» **Exercise requirements**: Below are some records: retype them all exactly, but not the pictures.

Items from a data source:
>>>

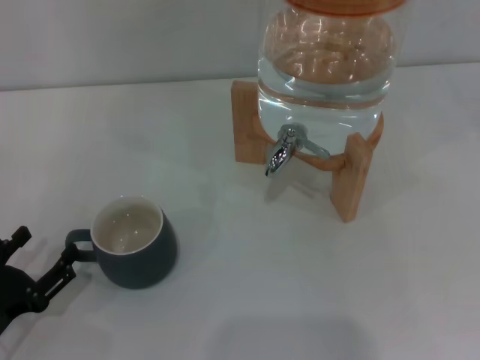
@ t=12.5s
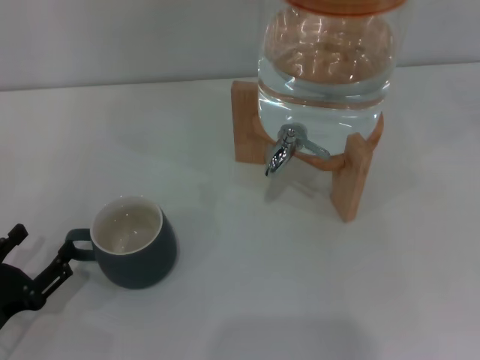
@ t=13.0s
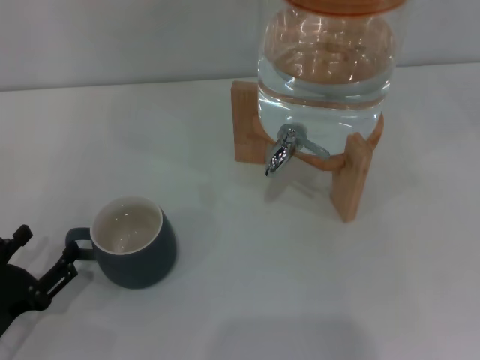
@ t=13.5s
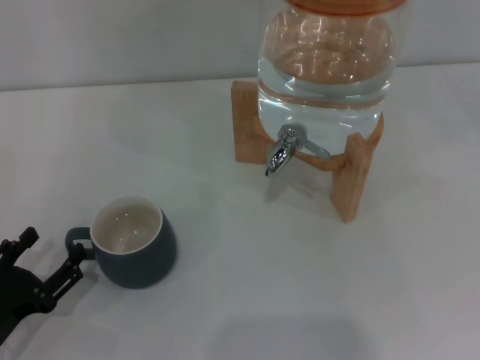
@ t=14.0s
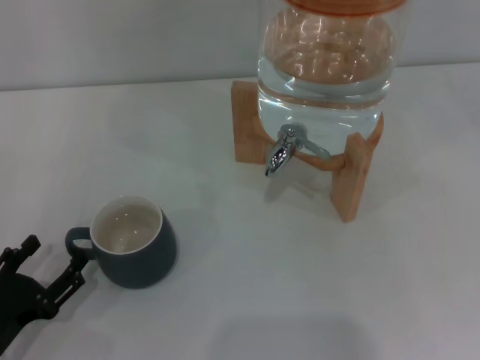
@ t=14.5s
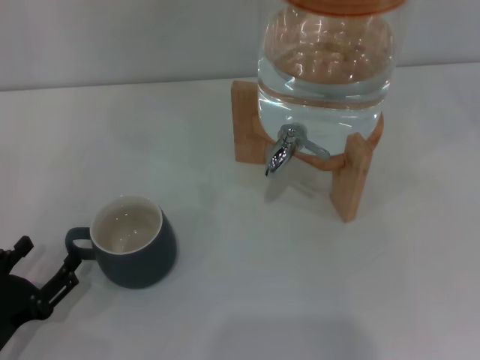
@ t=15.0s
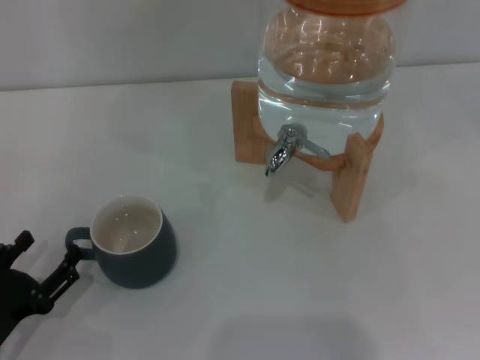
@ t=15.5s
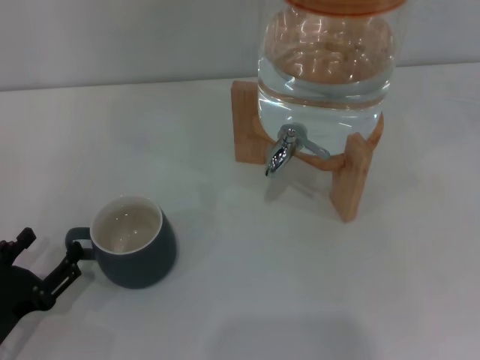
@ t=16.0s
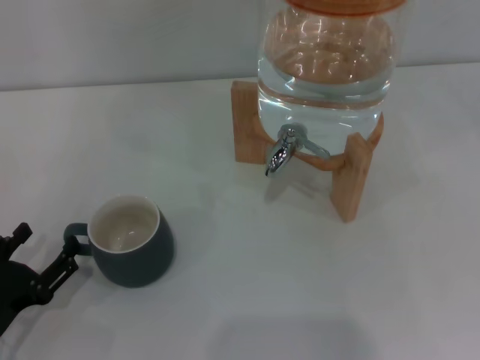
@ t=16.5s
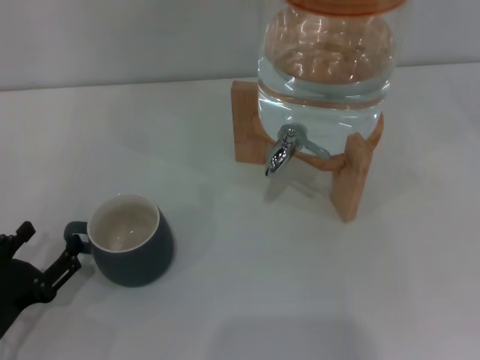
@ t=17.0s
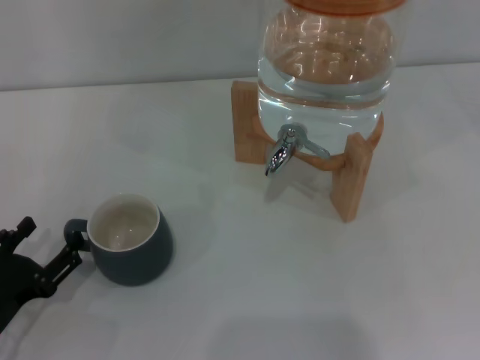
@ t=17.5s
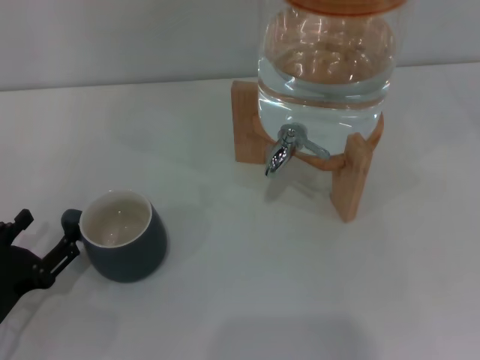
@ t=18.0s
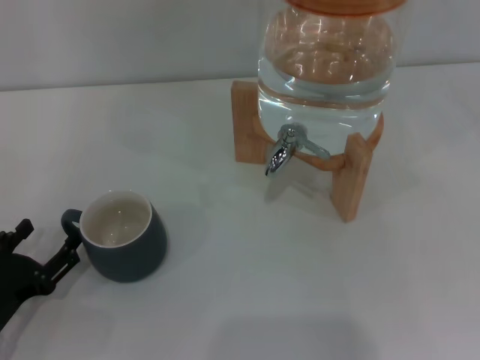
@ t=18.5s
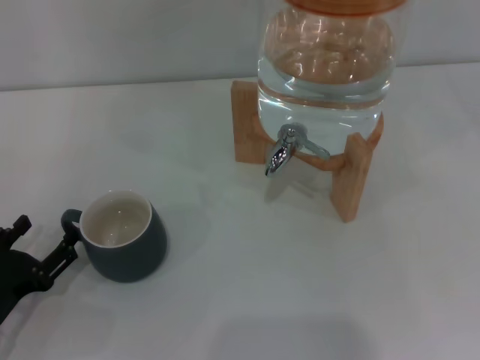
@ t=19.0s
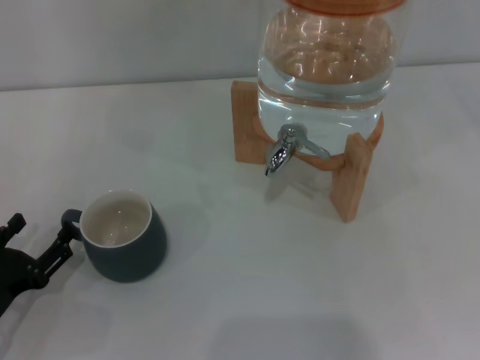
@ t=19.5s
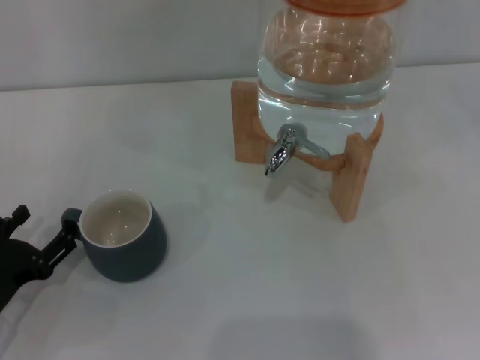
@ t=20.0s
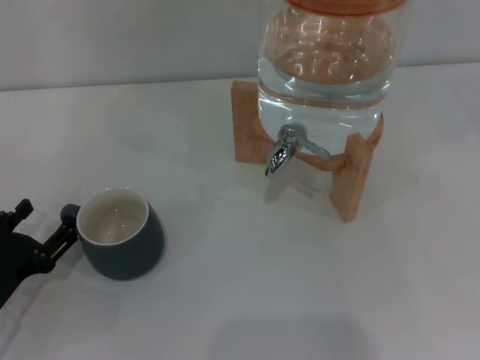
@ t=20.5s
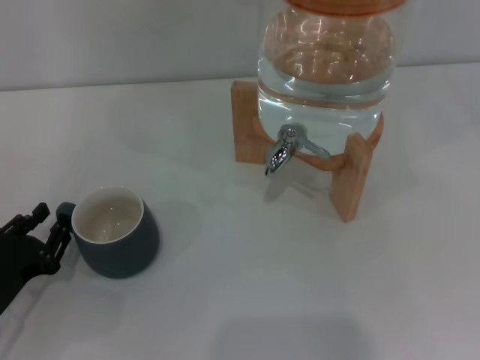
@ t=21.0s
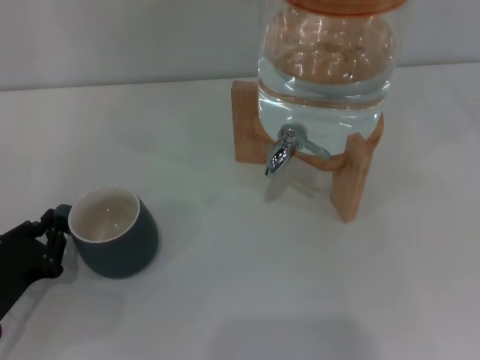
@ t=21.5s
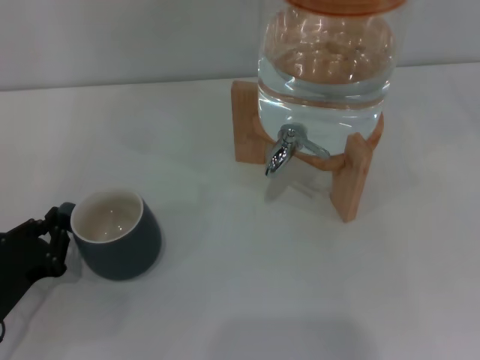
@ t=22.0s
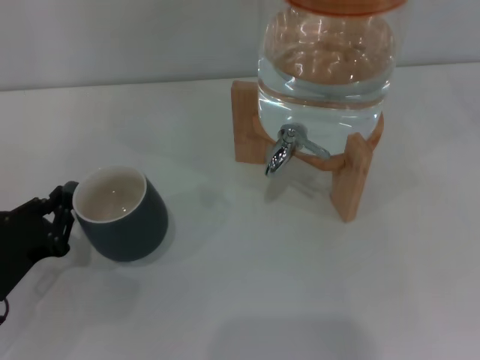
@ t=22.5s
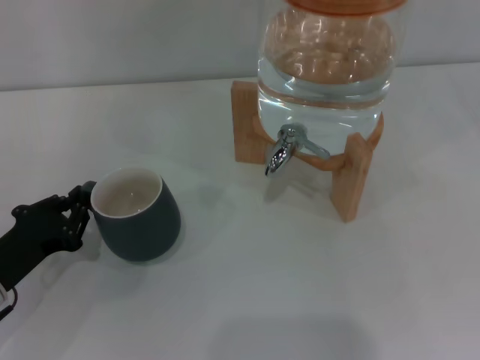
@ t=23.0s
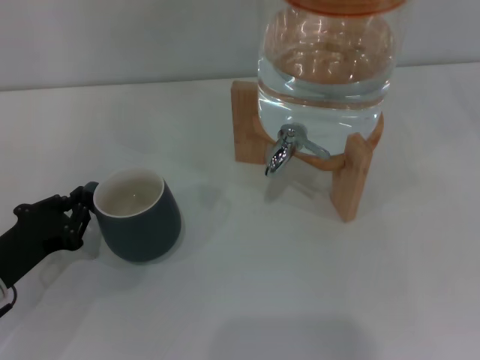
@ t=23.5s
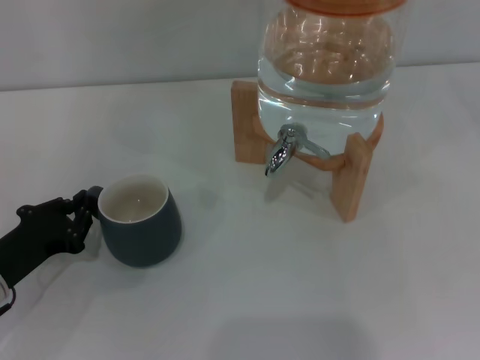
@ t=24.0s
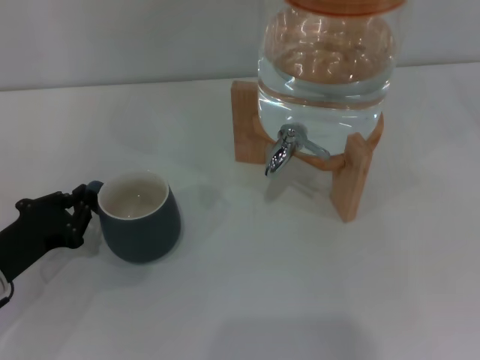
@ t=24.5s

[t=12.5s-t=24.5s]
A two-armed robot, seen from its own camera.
Task of the whole recording: the left gripper pick up the black cup and place it horizontally under the faucet, the right gripper turn on the faucet to fill the cup, and then turn off the faucet.
t=12.5s to t=16.5s: The two grippers keep their place.
t=16.5s to t=20.5s: There are only small adjustments of the grippers.
t=20.5s to t=22.5s: The left gripper closes its fingers.
t=22.5s to t=24.5s: The grippers move only a little.

<<<

» **Exercise response**:
@ t=12.5s
@ t=13.0s
@ t=13.5s
@ t=14.0s
@ t=14.5s
@ t=15.0s
@ t=15.5s
@ t=16.0s
@ t=16.5s
@ t=17.0s
@ t=17.5s
@ t=18.0s
@ t=18.5s
@ t=19.0s
@ t=19.5s
@ t=20.0s
@ t=20.5s
@ t=21.0s
@ t=21.5s
@ t=22.0s
@ t=22.5s
@ t=23.0s
@ t=23.5s
@ t=24.0s
@ t=24.5s

[t=12.5s-t=24.5s]
A two-armed robot, seen from its own camera.
Task of the whole recording: the left gripper pick up the black cup and place it horizontally under the faucet, the right gripper turn on the faucet to fill the cup, and then turn off the faucet.
t=12.5s to t=16.5s: The two grippers keep their place.
t=16.5s to t=20.5s: There are only small adjustments of the grippers.
t=20.5s to t=22.5s: The left gripper closes its fingers.
t=22.5s to t=24.5s: The grippers move only a little.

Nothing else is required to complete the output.